Data extracted from a collection:

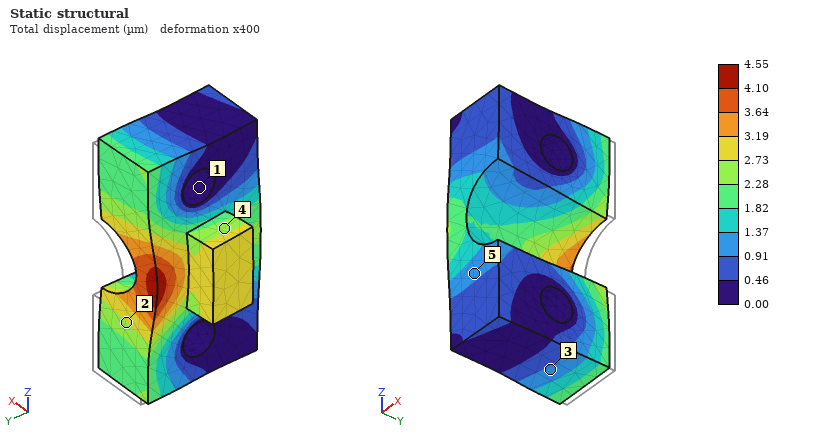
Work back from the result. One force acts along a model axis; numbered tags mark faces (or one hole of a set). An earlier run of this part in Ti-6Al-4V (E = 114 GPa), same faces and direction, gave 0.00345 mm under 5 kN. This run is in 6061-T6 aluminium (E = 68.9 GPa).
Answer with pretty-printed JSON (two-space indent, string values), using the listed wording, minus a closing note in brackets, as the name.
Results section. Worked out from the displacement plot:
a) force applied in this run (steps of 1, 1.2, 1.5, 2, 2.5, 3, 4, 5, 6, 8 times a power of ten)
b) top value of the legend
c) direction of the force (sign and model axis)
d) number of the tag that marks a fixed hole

{
  "force applied in this run": "4 kN",
  "top value of the legend": "4.55 µm",
  "direction of the force": "-Y",
  "number of the tag that marks a fixed hole": "1"
}
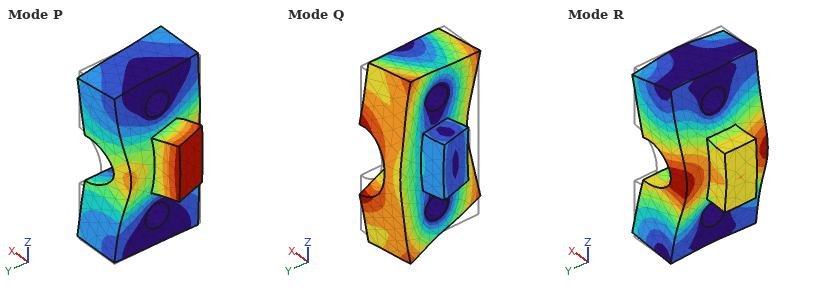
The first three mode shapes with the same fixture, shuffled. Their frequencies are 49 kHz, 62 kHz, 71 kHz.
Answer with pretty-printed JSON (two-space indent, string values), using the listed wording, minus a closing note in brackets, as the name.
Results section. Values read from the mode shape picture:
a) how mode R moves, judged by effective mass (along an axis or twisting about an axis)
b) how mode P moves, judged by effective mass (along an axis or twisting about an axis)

{
  "how mode R moves, judged by effective mass": "along X",
  "how mode P moves, judged by effective mass": "along Y"
}

WORK ORDER — Give back, word for word, the lines of the records that run from the one holding "a) how mode" to the very last.

EXPECTED OUTPUT —
a) how mode R moves, judged by effective mass (along an axis or twisting about an axis)
b) how mode P moves, judged by effective mass (along an axis or twisting about an axis)

{
  "how mode R moves, judged by effective mass": "along X",
  "how mode P moves, judged by effective mass": "along Y"
}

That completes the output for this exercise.